First, a leopard who hunts living things for food. YES! Then, a village that competes for the same fodder as the leopard. Umm? Next, importantly, a hunter who hunts animals for a life (not a living). Fourth, very importantly, a monk who hunts people for his temple for a living (not a life). Fifth, tragically, a woman who hunts men to satisfy her lust (knowing that it is right and it must, therefore, be so, regardless of consequences). Last, nature that hunts down and consumes all (regardless of whatever those who exist within its destructively constructive mesh, think of themselves or their importance in the sum total of being).
My mind then reverted back to our age old adage – fldÉpr ys;=j;a" lSj;a" flrej;a''' @æ@ wka;sug TÉpr ;uhs'
It is all subtly apparent to one who tunes into the moment in motion as it moves along the timeline of the exposition.
Such as the point where the hunter places his ear to the aforementioned tree and actually hears its sounds of life.
Such as the quick bloom of altruistic concern on the part of the hunter and adulation and understanding on the part of Gomari’s child as these two people, full of other people but alone in their souls, merge with each other’s idea of life – on the one hand, seriously lived, on the other, understandingly trusting.

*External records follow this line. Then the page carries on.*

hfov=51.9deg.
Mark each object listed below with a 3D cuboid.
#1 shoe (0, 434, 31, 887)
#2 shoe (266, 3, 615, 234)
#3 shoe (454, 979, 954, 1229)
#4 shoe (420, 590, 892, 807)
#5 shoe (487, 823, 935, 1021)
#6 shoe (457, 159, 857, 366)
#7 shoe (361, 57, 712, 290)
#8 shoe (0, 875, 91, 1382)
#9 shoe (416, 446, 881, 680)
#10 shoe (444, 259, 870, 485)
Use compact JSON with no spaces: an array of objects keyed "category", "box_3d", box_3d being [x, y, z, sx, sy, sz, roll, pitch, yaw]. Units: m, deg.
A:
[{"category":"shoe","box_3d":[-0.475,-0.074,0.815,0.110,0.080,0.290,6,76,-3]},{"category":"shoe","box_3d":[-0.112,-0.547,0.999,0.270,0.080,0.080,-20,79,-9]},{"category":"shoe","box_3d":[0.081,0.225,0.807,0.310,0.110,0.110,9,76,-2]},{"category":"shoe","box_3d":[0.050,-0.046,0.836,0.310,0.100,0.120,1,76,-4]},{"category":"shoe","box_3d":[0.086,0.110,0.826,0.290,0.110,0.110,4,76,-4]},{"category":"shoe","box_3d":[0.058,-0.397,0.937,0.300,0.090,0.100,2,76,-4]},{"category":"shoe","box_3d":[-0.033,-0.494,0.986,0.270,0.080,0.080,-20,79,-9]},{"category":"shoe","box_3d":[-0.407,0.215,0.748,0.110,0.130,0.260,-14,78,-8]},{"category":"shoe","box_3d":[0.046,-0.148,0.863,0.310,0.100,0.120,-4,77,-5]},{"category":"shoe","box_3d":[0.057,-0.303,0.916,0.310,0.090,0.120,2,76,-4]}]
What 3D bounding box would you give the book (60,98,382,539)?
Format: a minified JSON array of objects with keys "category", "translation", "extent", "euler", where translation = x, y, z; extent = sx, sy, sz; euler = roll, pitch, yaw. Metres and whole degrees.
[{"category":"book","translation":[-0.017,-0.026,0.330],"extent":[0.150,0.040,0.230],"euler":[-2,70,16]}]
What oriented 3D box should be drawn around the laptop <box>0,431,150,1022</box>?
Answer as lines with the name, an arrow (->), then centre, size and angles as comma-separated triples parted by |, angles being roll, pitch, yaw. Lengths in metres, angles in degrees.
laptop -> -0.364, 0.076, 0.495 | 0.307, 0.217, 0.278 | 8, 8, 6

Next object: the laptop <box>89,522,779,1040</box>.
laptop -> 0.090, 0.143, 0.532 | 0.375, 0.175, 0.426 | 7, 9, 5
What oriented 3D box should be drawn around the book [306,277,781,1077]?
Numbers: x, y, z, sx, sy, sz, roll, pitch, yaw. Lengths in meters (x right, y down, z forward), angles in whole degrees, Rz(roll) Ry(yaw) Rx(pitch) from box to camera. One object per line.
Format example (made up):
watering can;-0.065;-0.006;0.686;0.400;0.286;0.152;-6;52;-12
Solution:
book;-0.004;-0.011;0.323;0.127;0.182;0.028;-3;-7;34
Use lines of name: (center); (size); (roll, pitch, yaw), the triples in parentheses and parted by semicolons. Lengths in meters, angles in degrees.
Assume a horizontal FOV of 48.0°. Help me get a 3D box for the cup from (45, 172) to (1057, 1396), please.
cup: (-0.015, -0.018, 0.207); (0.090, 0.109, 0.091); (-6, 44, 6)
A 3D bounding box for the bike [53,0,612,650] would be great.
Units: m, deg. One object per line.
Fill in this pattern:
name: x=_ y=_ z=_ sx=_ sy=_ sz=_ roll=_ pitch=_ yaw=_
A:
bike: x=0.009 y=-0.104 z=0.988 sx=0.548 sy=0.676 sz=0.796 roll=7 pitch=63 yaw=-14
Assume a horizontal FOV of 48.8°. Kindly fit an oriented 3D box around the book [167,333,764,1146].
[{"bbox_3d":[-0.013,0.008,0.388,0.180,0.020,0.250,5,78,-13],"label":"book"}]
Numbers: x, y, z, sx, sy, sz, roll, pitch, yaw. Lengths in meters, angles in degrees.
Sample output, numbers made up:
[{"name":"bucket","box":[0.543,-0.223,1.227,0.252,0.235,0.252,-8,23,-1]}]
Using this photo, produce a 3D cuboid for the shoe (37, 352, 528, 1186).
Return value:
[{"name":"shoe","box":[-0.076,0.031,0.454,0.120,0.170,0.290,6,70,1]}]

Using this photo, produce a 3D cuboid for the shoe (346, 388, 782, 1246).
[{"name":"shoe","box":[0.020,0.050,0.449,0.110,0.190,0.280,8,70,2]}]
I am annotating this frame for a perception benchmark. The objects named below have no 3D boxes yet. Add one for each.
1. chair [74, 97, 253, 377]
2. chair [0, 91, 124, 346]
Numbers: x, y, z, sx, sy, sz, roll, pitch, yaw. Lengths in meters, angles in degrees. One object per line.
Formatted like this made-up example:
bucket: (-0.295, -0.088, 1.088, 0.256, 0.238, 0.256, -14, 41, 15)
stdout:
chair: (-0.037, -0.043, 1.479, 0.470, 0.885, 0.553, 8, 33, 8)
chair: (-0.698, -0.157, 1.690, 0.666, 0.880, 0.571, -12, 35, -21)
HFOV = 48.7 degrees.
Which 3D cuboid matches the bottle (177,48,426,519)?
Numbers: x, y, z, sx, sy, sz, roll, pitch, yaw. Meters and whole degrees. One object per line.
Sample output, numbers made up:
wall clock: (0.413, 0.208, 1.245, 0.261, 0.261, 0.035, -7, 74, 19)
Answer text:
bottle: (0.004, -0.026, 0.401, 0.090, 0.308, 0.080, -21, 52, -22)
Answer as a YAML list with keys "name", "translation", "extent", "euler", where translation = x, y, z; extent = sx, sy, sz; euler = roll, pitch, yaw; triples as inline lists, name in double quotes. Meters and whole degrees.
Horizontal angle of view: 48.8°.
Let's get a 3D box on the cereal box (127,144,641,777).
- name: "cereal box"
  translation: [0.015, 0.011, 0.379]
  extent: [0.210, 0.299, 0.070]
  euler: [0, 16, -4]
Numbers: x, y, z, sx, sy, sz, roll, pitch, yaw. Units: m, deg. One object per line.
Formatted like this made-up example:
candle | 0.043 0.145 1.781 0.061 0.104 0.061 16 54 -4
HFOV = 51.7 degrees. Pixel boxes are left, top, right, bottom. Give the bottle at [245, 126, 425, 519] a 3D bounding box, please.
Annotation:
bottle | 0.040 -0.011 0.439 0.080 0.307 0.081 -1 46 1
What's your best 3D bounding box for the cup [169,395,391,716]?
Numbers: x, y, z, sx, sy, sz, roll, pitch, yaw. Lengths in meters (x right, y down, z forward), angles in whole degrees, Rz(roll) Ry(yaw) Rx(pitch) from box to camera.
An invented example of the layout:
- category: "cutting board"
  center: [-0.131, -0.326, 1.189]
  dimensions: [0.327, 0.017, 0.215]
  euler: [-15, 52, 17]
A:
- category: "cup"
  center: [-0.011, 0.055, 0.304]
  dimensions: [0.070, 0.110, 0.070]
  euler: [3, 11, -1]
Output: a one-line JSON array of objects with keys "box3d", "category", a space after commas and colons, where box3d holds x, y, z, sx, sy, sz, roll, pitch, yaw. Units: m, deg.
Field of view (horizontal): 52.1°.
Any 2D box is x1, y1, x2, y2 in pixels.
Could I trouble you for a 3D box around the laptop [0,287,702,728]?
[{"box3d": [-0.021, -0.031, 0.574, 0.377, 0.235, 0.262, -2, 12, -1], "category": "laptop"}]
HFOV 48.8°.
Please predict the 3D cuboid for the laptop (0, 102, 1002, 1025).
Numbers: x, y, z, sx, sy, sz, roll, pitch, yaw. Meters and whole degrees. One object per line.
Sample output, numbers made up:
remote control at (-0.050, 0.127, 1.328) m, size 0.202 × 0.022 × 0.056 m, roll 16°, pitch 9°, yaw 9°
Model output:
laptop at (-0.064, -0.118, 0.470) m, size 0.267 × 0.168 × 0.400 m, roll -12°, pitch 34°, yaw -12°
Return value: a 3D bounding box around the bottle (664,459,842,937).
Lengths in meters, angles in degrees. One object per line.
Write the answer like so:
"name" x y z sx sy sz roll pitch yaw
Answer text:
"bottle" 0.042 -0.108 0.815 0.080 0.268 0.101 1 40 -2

Such as the dancing characters of samsara that are all captured so brilliantly in a simple pan of a very,VERY experienced… tree.
Such as a moon waxing silently eloquent into the maddened mind of an Appu that lives in all of us.
Such as the horrified realization of a man of the cloth that he is in fact, far removed from the dharma itself, far less in the practice of the dharma than the hunter himself, far more closely identified with lust than emancipation from it.
Such as the idea that the entire tapestry of life is one of automatic motions, irrelevant and irreverent dogma, disabled human conditions. Be that automation in the satiation of a questioning stomach, a questioned ritual, a solved murder or a beautifully vengeful and immensely bountiful samsara.
Such as in the idea of a beneficent and unlooked for rishi in the actual um… for lack of a better word … dadayakkaraya.
It is a softer tune that Prasanna plays in a world attuned to vociferous cacophony.
This, then, is a reminder, for all, of a more equitable idea of all our futures encapsulated in a microdrama of significant import. A more solid statement of reality than any we have recently been mowed under by a very dumb communications protocol. A very foolish and massively deluded mass media. A very iffy idea of success in existence.
And, so, according to Prasanna, it goes not with god but with life. So it goes, not with the approximately 900 months that a man who lived to be 75 years lives through but rather, with the moment that a single shot gives life to many while taking the life of one – on Vesak. So it goes, not with a gatha or a vagina but with the dharma depicted in the entirety of a much lived tree.